Schwan joined the Roche Group in 1993 as a trainee and has stayed with the company ever since.

== Early life and education==
Severin Schwan graduated from the Akademisches Gymnasium Innsbruck and then studied economics at the University of Innsbruck, University of York, and University of Oxford as well as law at the University of Innsbruck. He completed both subjects in 1991 with a master's degree and acquired the title Mag. iur. and Mag. rer. soc. oec. He then obtained his Doctorate in Law in 1993.

== Career ==
Schwan started his career as a trainee at the Roche office in Basel, Switzerland. He has worked in a number of positions across the globe for Roche.

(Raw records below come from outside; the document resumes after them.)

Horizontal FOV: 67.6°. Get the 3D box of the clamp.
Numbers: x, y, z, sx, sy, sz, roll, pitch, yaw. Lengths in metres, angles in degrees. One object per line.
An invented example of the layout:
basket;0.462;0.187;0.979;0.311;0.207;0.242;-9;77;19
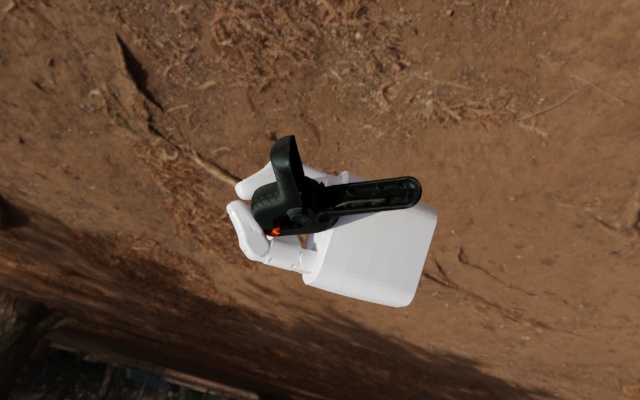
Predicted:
clamp;0.000;0.002;0.401;0.120;0.039;0.171;19;-21;-13
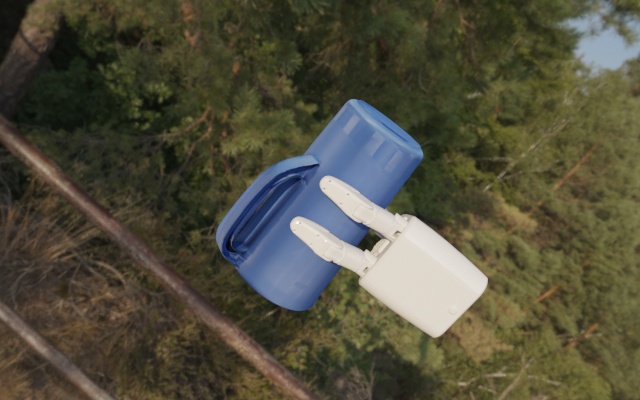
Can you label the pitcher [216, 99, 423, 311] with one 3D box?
[{"bbox_3d":[0.000,0.002,0.567,0.145,0.243,0.149,38,17,1],"label":"pitcher"}]
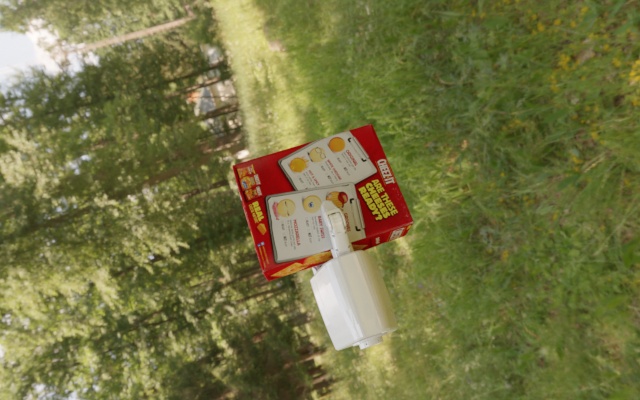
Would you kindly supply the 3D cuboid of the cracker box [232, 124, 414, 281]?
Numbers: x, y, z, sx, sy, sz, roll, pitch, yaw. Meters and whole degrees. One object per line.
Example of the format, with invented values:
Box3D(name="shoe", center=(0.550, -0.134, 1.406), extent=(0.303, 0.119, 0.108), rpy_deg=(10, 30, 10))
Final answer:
Box3D(name="cracker box", center=(0.000, 0.002, 0.685), extent=(0.213, 0.164, 0.072), rpy_deg=(-17, -20, -7))
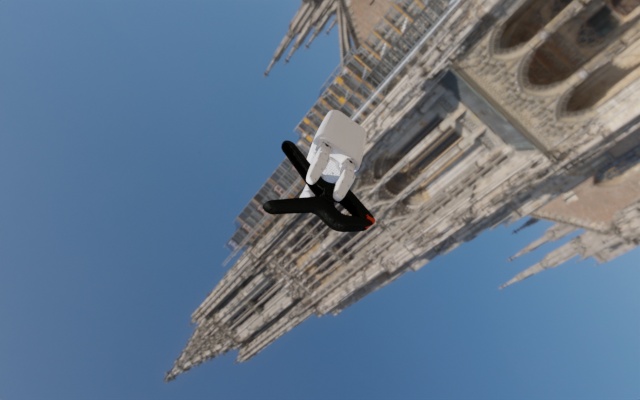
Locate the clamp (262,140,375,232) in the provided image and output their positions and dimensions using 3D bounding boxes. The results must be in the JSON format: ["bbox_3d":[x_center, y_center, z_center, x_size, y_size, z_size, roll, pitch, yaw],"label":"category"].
[{"bbox_3d":[0.000,0.003,0.819,0.210,0.164,0.036,34,-46,-13],"label":"clamp"}]
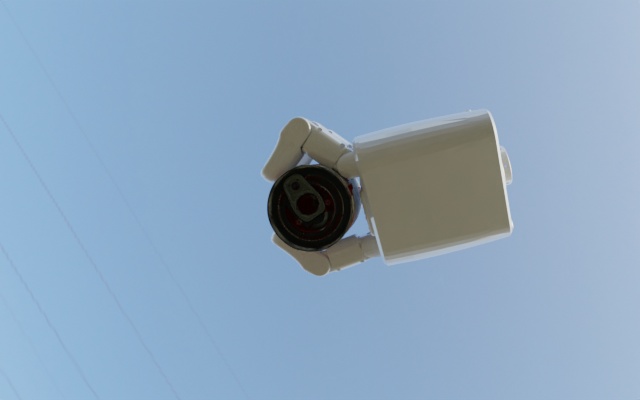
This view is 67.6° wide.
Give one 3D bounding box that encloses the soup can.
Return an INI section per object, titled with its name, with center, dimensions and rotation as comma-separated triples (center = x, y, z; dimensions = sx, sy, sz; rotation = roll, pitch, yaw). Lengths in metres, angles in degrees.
[soup can]
center = 0.000, 0.002, 0.416
dimensions = 0.068, 0.068, 0.102
rotation = 0, 6, 10
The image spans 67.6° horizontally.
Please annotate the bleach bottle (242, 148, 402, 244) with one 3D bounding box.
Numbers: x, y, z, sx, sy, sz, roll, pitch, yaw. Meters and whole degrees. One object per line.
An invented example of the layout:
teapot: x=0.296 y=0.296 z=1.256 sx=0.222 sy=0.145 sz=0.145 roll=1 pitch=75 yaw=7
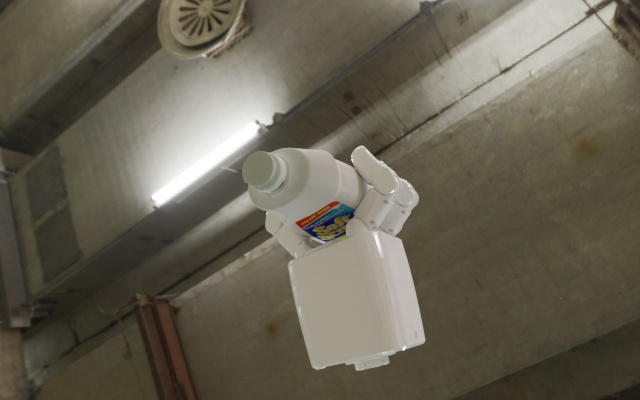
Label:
bleach bottle: x=0.000 y=0.001 z=0.476 sx=0.102 sy=0.068 sz=0.251 roll=-20 pitch=-19 yaw=22
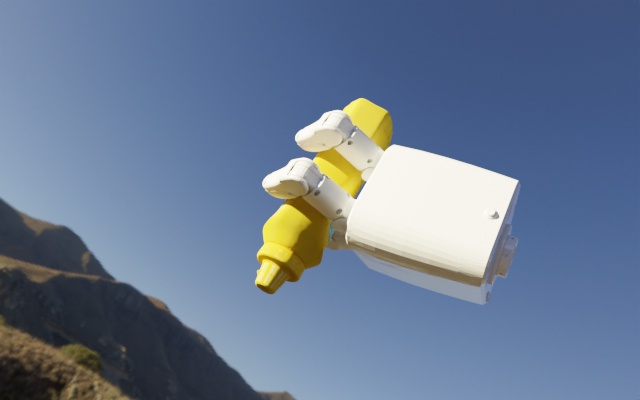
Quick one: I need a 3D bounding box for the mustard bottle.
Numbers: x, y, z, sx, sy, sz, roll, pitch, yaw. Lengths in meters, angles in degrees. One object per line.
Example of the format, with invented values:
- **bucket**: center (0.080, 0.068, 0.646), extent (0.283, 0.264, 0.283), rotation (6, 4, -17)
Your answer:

He was appointed CEO of the Roche Group at its Annual General Meeting on 4 March 2008, replacing Franz B. Humor. Previously, Schwan was managing director of Roche's Diagnostics Division.

He has been a member of the Board of Directors of Roche Holding AG since 2013. At the Annual General Meeting on 14 March 2023, he was elected chairman of the Board of Directors, succeeding Christoph Franz. Thomas Schinecker became Schwan's successor as CEO.

From 2014 to 2022, he was a member of the board of directors of Credit Suisse, and from 2017 its vice chairman. He stepped down from the position of vice-chair in March 2022.

== Memberships ==
He was on the board at Chugai Pharmaceutical Co., Ltd. Schwan has been a member of the International Business Leaders Advisory Council for the Mayor of Shanghai (IBLAC) since 2009 and Vice President since 2022.

From 2016 to 2020, he was Vice President of the International Federation of Pharmaceutical Manufacturers & Associations (IFPMA).

== Personal life ==
Born to an Austrian-German family, Schwan is citizen of both countries. He was also granted Swiss citizenship in 2020. Schwan is married, has three children and lives in the Basel suburb of Riehen.